## Introduction

Most of objects and phenomena in physics have motion. Therefore, to have a better understanding of how nature works, we should have an exact and clear definition of motion and ability of its computation.

Motion is defined as the change of an object's location with time which can be taken place in** linear, circular or projectile paths**. In a linear motion, whole parts of an object move in one direction or simply they have equal displacement and direction. Circular motion is the change of object's angular position. This is a movement along a circular path or circumference of a circle. Once an object moves or fired with an angle through space, we could call this type of motion as projectile one.

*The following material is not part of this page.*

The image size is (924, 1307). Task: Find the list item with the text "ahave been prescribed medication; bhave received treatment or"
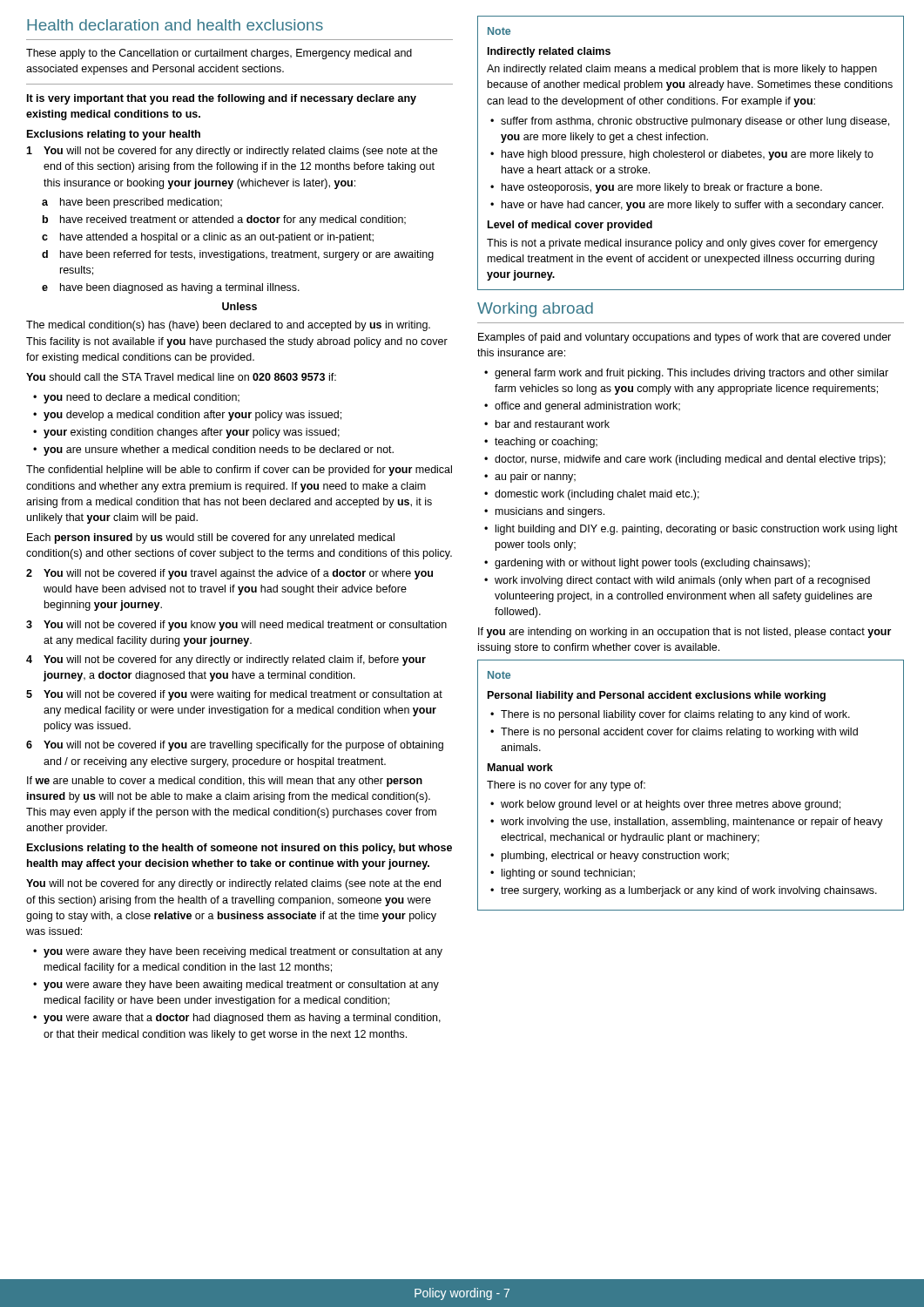247,245

Previously, we defined **displacement** of an object and noticed it as the building block of the other kinematical concepts which describe the motion of a particle along an arbitrary path. Here, we study the concepts of velocity and acceleration in a problem-solution based approach with numerous solved examples. We believe that in this way the AP or college students can succeed more.

## Average velocity and speed (definition):

We need usually to know at what rate does the particle moves? To answer this question, we define an important quantity as follows: \[ Average\ speed=\frac{distance\ traveled}{elapsed\ time}=\frac{D}{\Delta t}\]

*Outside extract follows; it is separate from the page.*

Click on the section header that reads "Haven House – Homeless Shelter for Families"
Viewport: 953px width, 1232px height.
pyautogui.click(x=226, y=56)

\[Average\ velocity=\frac{displacement}{elapsed\ time}\]

The average speed defines in terms of the distance traveled ($D$) so it is a scalar quantity. But the average velocity is a vector that points in the same direction as the displacement vector and defines as the change in position of a body divided by the time interval in which that changes occur. Average velocity is a more useful quantity than the other since it describes both how fast and in what direction the objects move. Therefore, in one direction, say $x$,the average velocity is defined as \[\vec{v}_{ave-x}=\frac{\Delta \vec{x}}{\Delta t}\]

The SI unit of velocity is meters per second ($\rm m/s$). Other common units include Kilometers per second ($\rm Km/h$), feet per second ($\rm ft/s$) and miles per hour ($\rm mi/h$).

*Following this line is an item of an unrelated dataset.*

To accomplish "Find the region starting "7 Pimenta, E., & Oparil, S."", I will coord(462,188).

Note that, in general, the magnitude of the average velocity and average speed are not equal in a given time interval. For example, if the above car moves from $A$ to $B$ in $4\,{\rm s}$ we have \[Average\ speed = \frac{10\,{\rm m}}{4\,{\rm s}}=2.5\ {\rm m/s}\] whereas \[Average\ velocity= \frac{\Delta \vec{x}}{\Delta t}=+\frac{4\,{\rm m}}{4\,{\rm s}}=+1\ {\rm m/s}\]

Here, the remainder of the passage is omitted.